All you have left to do for the numerator is figure out what "some expression in k" is.

Answer 40

(2k+1)(-1^K) just a guess... what do you mean some expression in k? k=1??

Answer 41

sorry I'm stupid... lol :\

Answer 42

or do you mean like it would be -1^-k

Answer 43

You are close. It's not

(2k + 1)(-1^k)

It's

(2k + 1)(-1)^k

It is VERY VERY VERY VERY VERY VERY important where parentheses go. Your expression does the exponent on "1" first and then adds the "-" sign last, after eponentiation. That will never do.

Answer 44

oh true. so that'll make it alternate from negative to positive

Answer 45

If you write it correctly like I showed you, then it will alternate. Okay, you have the numerator, all you have left is the denominator. We are done with 2 of the 3 steps.

Answer 46

just so I can look at it better
step #3
your denominator is increasing by 1 but is 1 greater than your index.
again, that is controllable by your index by adding 1 each time to what your
index is

Answer 47

(2k+1)(k^2)??? close?

Answer 48

Yes, so in the first term, where the denominator is "2" when k is 1, we can express that 2 in terms of "k".

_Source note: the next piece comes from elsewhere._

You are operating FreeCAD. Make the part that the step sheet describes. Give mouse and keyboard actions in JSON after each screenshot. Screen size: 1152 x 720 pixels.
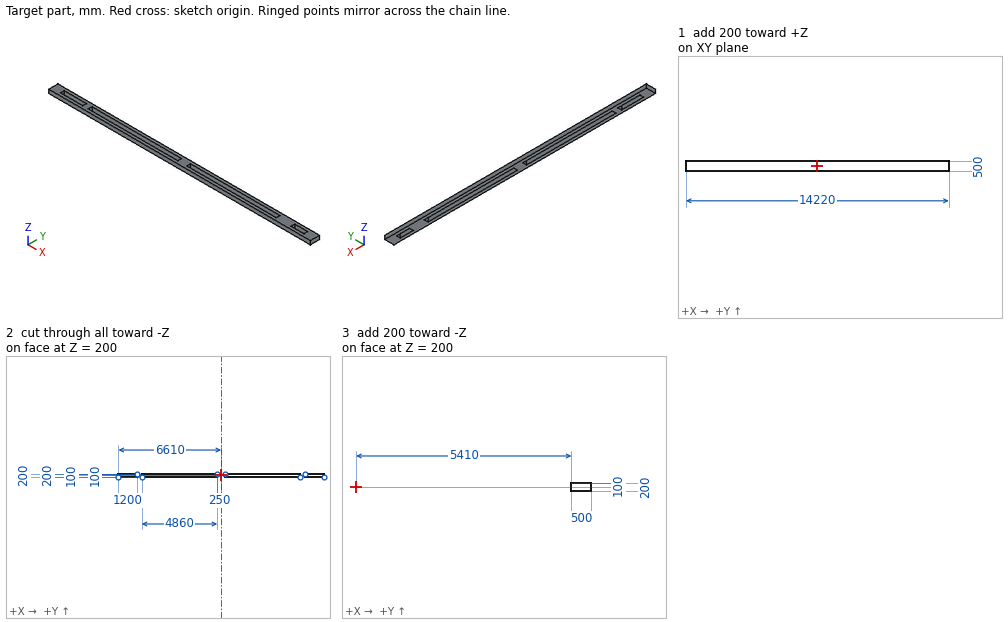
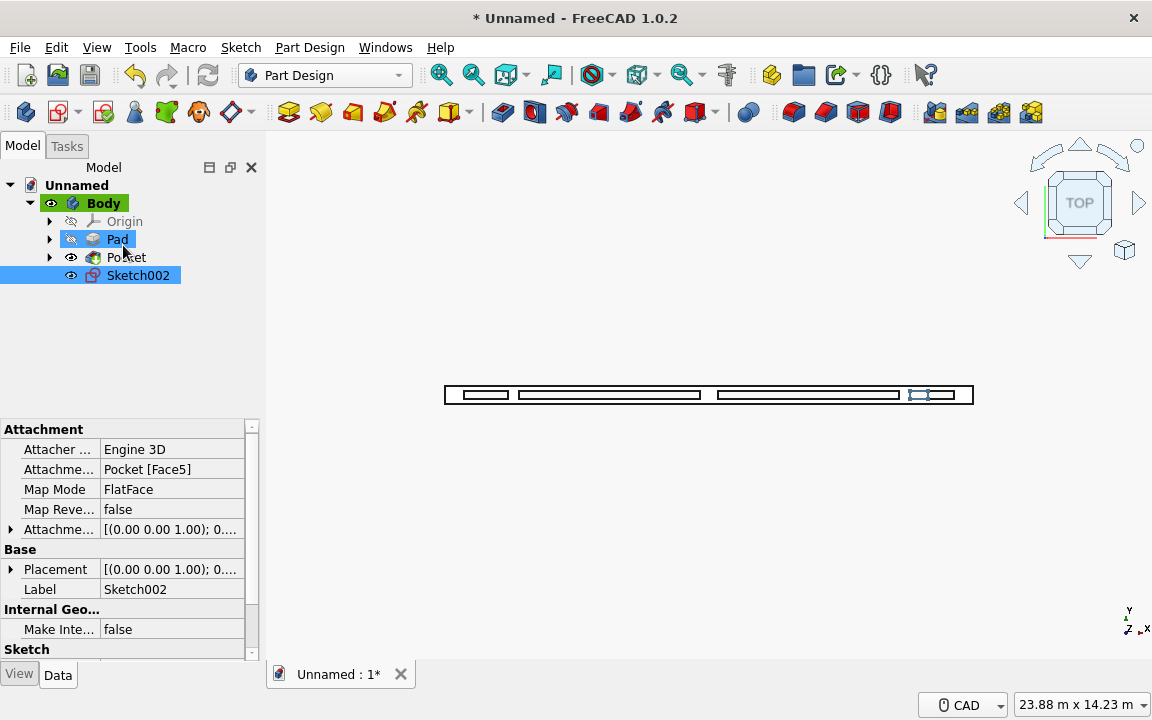
{"action": "left_click", "coordinate": [290, 112]}

So for the first several terms: (disregarding the exponent for now)

2 when k is 1
3 when k is 2
4 when k is 3
5 when k is 4

Can you see a relationship? Each time, number is one more than "k". Build from that.

Answer 49

So, your first attempt on the denominator is pretty far off, so use my last post to figure the denominator.

Answer 50

I actually gotta run to class there now but I'm going to take a look at this again after and hopefully I'll figure it out. Thanks for helping, I understand it a lot more than I did.

Answer 51

Hold on, the denominator is:

(k + 1)^2

Answer 52

You're welcome. Just go over it all and it will sink in.